【橋立多美】公共交通を利用できない移動困難者のために外出支援をしている、つくば市の移送サービスの高齢ドライバーが送迎活動を休止したいと申し出ている。近頃の「高齢者は免許返納すべき」という風潮の影響と見られる。高齢化時代のサービスとして期待され、需要が伸びているだけに関係者に不安が広がる。
同市を中心に、正月三が日を除くほぼ毎日、外出が難しい高齢者や障害者を有償ボランティアがマイカーで送迎するNPO法人「友の会たすけあい」(同市下岩崎)。茎崎町時代に発足、活動は22年になる。国土交通省が認めた福祉有償運送で、市の依頼を受けている。
「たすけあい」は、登録した利用会員からの電話を茎崎高齢者交流センター内の事務局で受け、その居住地や行き先に応じ協力会員(運転ボランティア)を決める。利用は通院や買い物、墓参りなどさまざまで、費用はタクシーの半額程度と格安。昨年1年間で延べ3380人を移送した。
免許返納の広がりを受け、ボランティア会員17人のうち、75歳を過ぎた3人が送迎活動を止めて電話の受付を希望するようになった。無事故で利用会員からの苦情はないが、「利用者が高齢ドライバーの自分の運転を不安に思うのではないか」の思いがこうした状況を生んでいるそうだ。
運転は75歳までのルール
ボランティア会員は定年退職後に活動を始めた人たちだ。佐藤文信理事長は「ボランティア会員の運転は75歳までというルールはあるが、定年後も働き続ける人が増えて運転者が足りず、地域に詳しいベテラン3人に頼らざるを得ない状況が続いてきた」と話す。
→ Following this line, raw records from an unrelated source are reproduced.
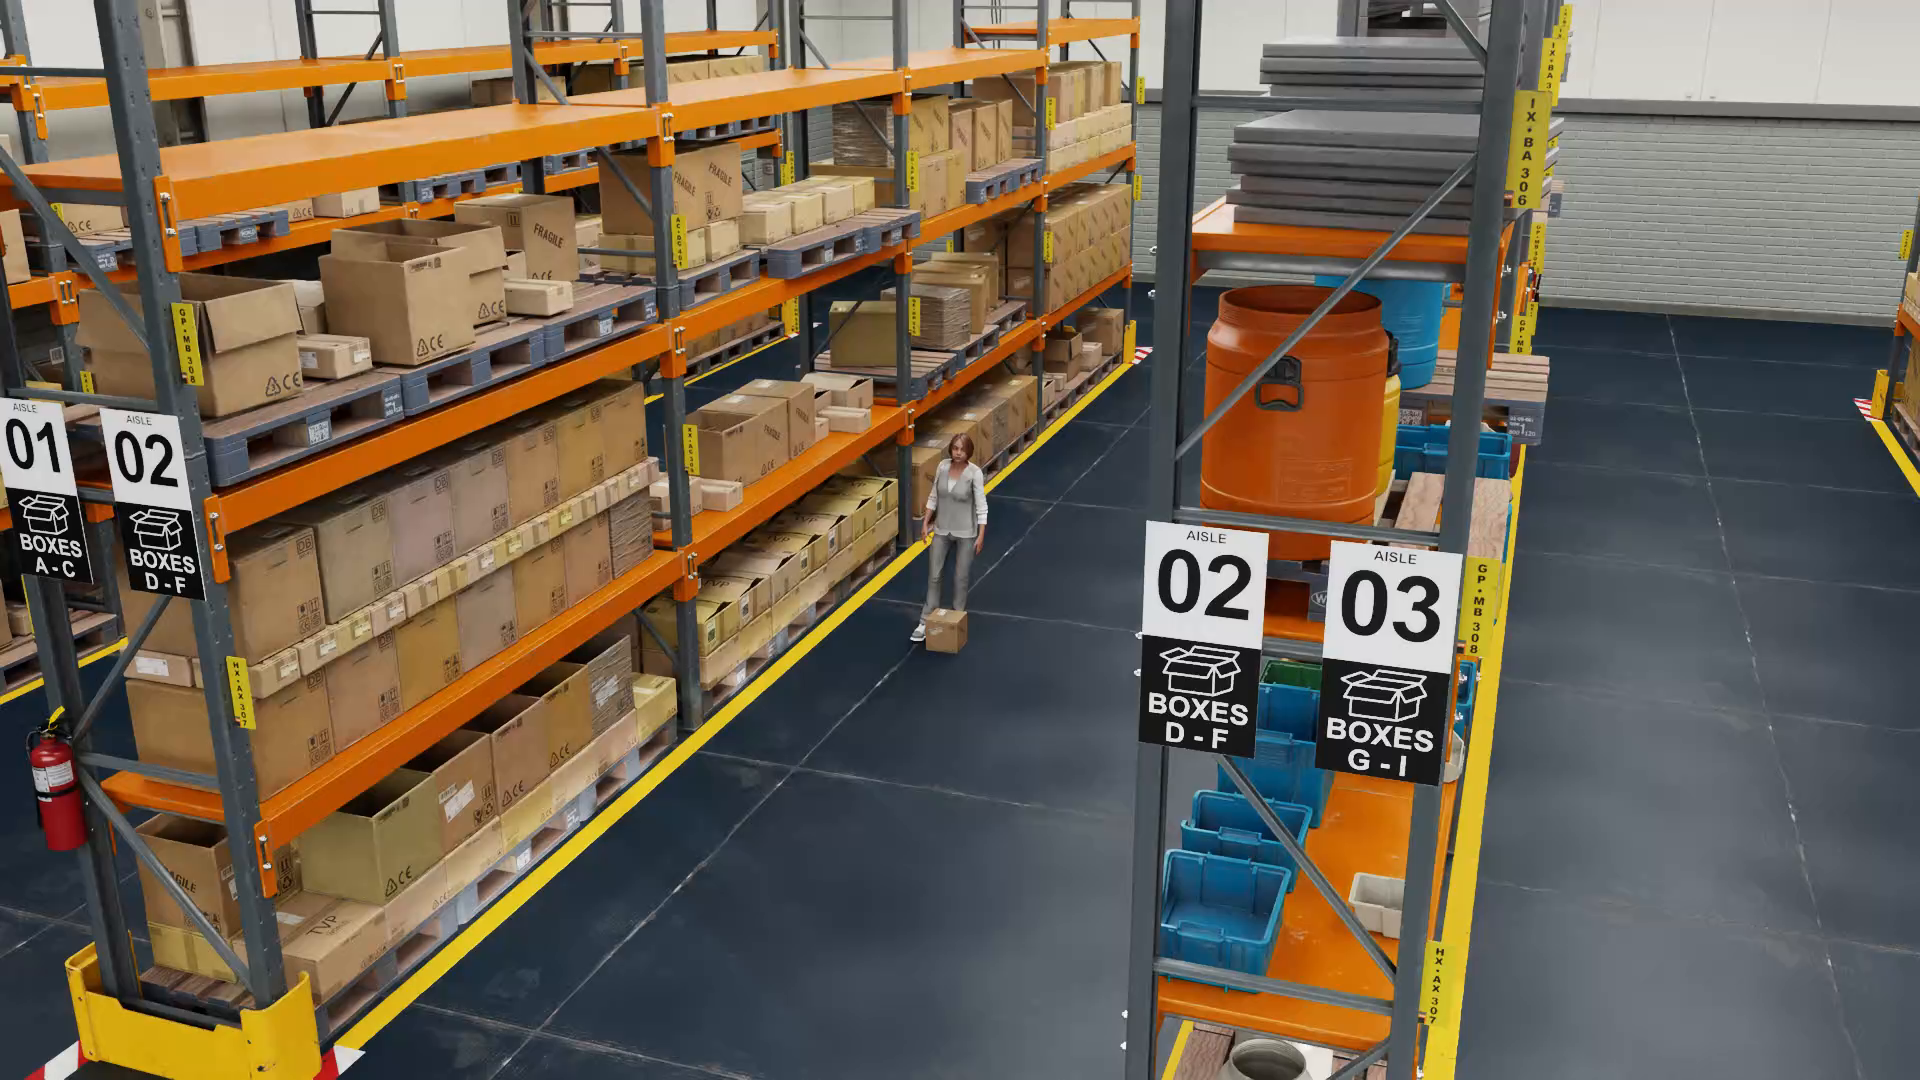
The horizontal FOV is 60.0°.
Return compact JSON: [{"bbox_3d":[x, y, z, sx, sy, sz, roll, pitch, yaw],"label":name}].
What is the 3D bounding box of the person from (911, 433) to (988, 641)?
[{"bbox_3d":[-0.072,-0.015,12.593,0.520,1.597,0.476,7,20,19],"label":"person"}]
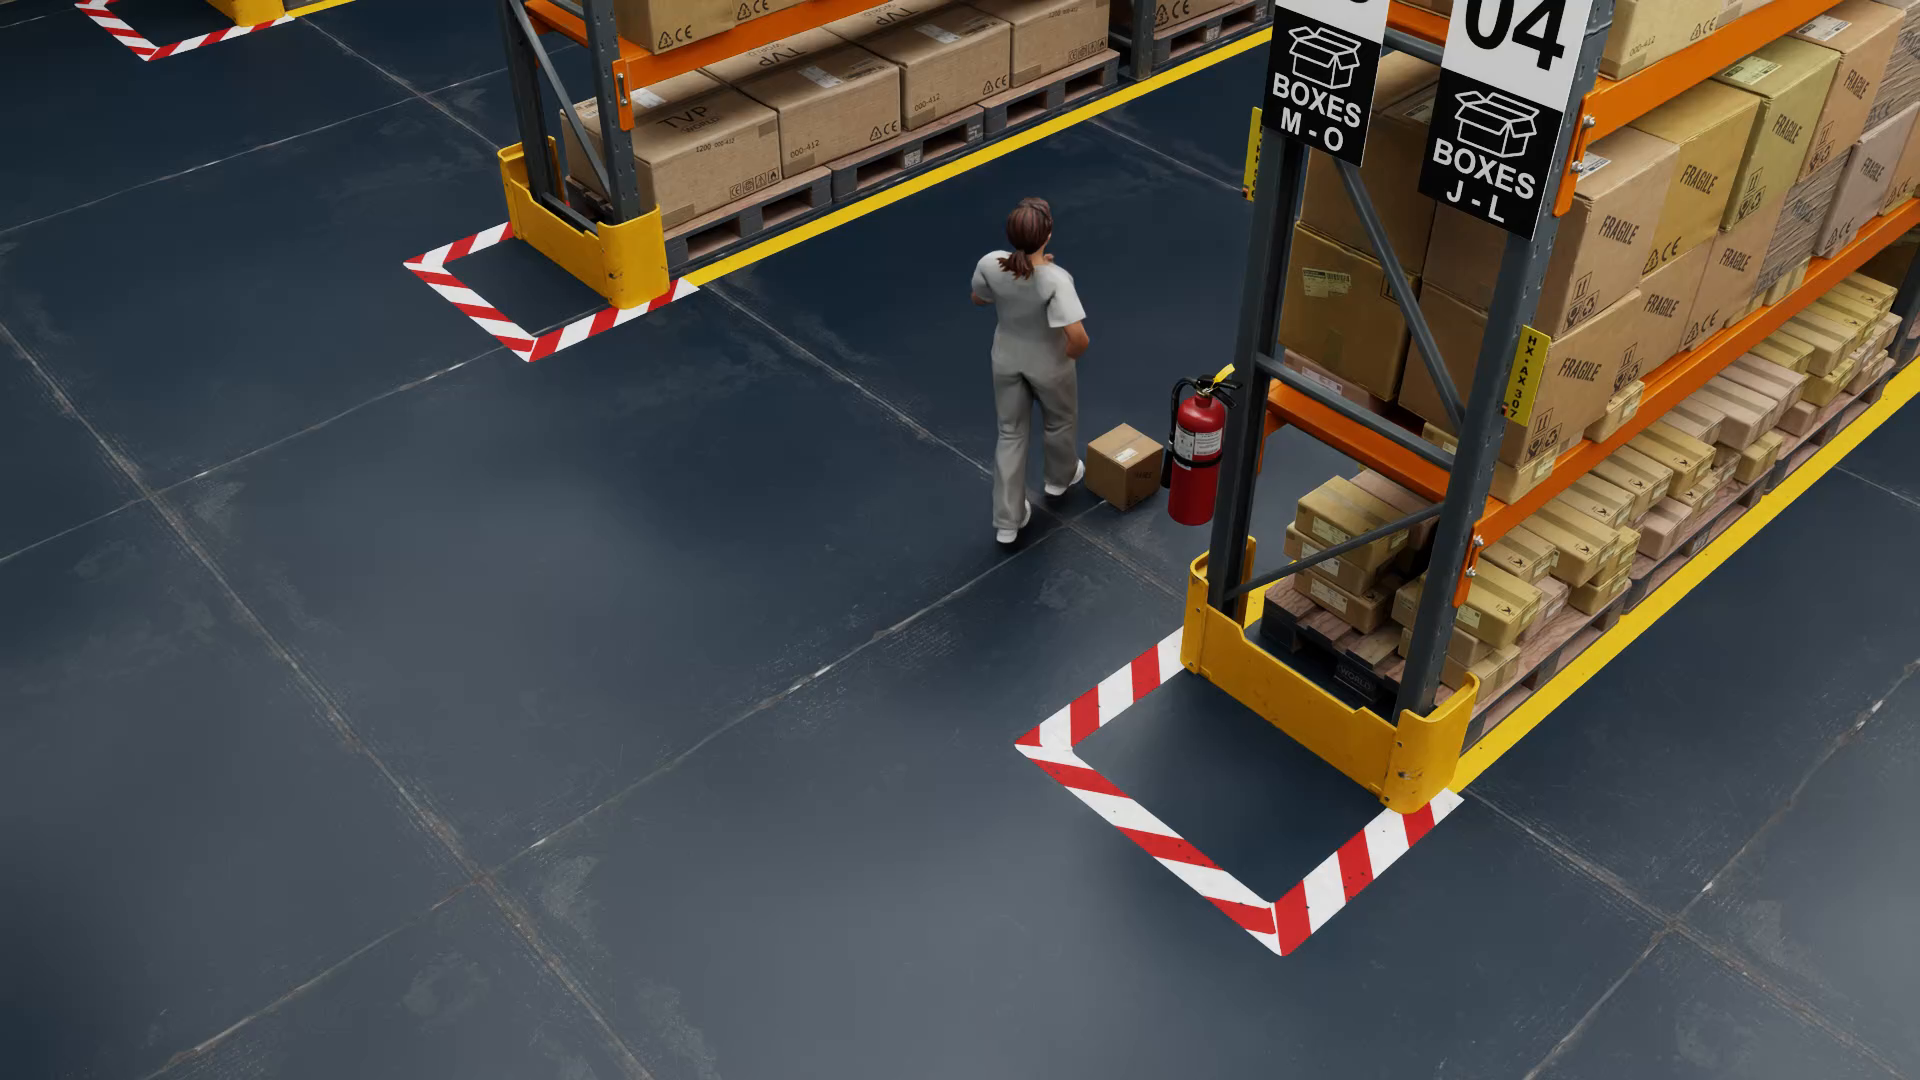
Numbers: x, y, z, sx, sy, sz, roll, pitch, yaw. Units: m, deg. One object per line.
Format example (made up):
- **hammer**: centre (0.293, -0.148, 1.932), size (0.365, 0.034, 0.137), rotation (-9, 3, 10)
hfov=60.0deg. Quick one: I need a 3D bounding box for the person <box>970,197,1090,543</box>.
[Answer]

申し出を受け入れ、3人の活動は近距離のルートだけに絞り乗車回数も減らしている。これからはボランティア会員を75歳以下にしたい考えだが、佐藤さんは利用会員からの予約を断るケースが出てくるかも知れないとした上で、「今年度の移送は延べ3500人を見込んでいるが乗り切れるかどうか…」と思案する。
移動困難者を支えるボランティアの前に立ちはだかる年齢の壁。その一方で、地区内では高齢化が進行して車を手放す人が増えるなど利用増加が予想される。132人の利用会員中、最近利用会員になった4人は要支援になって免許を返納し、マイカーを処分したためだという。
運転手不足は全国の福祉移送サービス事業者共通の課題だ。取手市のNPO法人「活きる」はボランティア不足で需要に応えきれず、昨年は利用会員の新規登録を中断した。今年は困っている障害者や高齢者を捨て置けないがすべてを受け入れられないと、新規登録を制限する一方、運転ボランティアの活動年齢を75歳から80歳に引き上げた。
佐藤さんは「長く働きたい人が増えてボランティアのなり手がいない今、高齢者に免許返納を迫る風潮が重なった」と現状を憂う。